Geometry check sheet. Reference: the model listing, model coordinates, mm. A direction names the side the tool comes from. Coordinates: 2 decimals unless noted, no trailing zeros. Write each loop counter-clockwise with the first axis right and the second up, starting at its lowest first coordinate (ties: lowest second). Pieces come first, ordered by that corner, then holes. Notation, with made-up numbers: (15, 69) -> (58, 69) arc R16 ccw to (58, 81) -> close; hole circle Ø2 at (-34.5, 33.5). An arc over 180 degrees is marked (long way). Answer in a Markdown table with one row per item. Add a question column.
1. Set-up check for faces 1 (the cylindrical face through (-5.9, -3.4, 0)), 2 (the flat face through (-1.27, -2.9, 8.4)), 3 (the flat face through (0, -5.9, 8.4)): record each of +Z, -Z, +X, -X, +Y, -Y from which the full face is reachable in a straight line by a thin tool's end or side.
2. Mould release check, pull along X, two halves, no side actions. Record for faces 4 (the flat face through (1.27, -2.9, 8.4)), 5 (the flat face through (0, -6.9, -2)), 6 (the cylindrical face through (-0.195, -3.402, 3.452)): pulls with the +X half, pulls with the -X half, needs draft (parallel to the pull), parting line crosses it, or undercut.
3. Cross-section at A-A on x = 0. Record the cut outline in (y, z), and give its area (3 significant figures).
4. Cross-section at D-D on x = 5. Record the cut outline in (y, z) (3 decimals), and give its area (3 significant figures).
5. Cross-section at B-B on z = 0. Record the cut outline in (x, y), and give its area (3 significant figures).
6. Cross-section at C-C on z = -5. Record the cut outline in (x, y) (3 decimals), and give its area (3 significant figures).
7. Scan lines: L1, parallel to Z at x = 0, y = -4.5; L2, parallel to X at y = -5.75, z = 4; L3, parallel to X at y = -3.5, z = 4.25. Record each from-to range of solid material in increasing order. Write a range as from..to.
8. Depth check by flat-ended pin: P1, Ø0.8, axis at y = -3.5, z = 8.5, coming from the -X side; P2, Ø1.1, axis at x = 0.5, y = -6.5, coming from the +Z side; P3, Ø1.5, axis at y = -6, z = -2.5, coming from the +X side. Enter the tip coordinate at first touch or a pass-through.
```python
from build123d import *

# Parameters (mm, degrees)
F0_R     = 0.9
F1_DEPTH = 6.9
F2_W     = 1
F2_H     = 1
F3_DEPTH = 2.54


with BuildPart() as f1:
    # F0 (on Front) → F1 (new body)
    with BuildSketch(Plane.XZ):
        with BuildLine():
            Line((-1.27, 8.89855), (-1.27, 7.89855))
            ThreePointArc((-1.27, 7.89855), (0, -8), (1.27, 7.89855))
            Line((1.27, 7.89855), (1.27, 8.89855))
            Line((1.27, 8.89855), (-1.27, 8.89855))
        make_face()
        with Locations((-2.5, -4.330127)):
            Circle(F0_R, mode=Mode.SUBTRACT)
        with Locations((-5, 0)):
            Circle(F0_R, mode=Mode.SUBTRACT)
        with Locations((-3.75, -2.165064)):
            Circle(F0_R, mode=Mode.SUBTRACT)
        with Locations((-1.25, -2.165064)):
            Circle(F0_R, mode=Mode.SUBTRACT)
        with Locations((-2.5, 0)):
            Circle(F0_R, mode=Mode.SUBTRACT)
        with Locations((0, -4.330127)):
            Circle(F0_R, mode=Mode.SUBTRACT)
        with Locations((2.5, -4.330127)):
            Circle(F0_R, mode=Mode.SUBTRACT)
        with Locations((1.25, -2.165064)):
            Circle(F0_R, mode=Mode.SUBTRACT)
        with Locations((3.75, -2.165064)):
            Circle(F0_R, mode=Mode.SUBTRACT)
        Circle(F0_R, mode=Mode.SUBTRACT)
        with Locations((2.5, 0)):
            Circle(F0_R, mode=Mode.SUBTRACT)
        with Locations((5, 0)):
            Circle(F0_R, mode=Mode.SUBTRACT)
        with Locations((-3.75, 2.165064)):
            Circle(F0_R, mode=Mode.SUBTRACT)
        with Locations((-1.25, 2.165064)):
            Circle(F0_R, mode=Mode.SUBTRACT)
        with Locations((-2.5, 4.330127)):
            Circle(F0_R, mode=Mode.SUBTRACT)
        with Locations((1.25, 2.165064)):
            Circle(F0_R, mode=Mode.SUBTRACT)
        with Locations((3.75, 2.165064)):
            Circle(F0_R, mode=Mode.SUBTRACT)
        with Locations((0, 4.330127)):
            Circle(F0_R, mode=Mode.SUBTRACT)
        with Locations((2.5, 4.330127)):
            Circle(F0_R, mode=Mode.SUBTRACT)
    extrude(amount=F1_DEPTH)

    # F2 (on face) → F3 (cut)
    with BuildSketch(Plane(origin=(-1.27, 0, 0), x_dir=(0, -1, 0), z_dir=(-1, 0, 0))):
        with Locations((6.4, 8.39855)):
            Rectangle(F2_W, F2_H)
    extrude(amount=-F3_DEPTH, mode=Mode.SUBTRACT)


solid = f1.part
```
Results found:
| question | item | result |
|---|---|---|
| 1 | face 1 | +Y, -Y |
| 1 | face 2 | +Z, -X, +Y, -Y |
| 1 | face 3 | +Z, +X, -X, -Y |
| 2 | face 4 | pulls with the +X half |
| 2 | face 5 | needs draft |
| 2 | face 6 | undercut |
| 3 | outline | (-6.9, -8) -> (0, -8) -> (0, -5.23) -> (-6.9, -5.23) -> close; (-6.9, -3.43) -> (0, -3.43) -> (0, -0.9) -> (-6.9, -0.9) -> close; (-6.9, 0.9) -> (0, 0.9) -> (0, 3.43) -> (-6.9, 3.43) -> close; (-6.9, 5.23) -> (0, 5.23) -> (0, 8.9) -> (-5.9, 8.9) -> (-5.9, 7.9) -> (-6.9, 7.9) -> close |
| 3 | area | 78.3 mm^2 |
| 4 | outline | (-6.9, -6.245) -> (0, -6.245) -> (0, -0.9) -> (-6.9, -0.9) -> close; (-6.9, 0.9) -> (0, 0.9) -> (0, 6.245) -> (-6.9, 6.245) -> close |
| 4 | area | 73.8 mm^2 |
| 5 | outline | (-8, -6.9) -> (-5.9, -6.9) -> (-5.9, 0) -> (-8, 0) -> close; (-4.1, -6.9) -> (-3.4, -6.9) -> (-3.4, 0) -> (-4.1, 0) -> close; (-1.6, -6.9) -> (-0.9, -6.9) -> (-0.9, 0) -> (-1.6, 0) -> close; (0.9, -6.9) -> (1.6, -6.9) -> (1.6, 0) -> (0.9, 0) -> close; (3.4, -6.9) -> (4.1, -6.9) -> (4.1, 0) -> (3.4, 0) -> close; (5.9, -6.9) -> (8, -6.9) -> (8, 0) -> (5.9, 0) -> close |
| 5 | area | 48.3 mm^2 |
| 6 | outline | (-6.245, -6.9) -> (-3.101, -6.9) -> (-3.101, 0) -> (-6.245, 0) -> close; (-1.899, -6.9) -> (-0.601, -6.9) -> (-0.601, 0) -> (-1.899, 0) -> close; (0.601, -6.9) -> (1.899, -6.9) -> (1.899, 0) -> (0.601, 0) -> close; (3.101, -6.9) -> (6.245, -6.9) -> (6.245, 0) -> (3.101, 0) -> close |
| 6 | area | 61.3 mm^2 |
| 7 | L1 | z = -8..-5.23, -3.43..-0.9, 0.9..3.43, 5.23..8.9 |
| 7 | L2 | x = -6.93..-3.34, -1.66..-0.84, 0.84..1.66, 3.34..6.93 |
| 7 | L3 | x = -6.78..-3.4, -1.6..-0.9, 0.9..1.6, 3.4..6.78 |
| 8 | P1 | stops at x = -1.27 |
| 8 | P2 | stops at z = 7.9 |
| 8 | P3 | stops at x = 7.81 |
====
- [THE PROBLEM]:
Pull out all lines from the entries above that include the word "undercut".

- [ANSWER SECTION]:
2. Mould release check, pull along X, two halves, no side actions. Record for faces 4 (the flat face through (1.27, -2.9, 8.4)), 5 (the flat face through (0, -6.9, -2)), 6 (the cylindrical face through (-0.195, -3.402, 3.452)): pulls with the +X half, pulls with the -X half, needs draft (parallel to the pull), parting line crosses it, or undercut.
| 2 | face 6 | undercut |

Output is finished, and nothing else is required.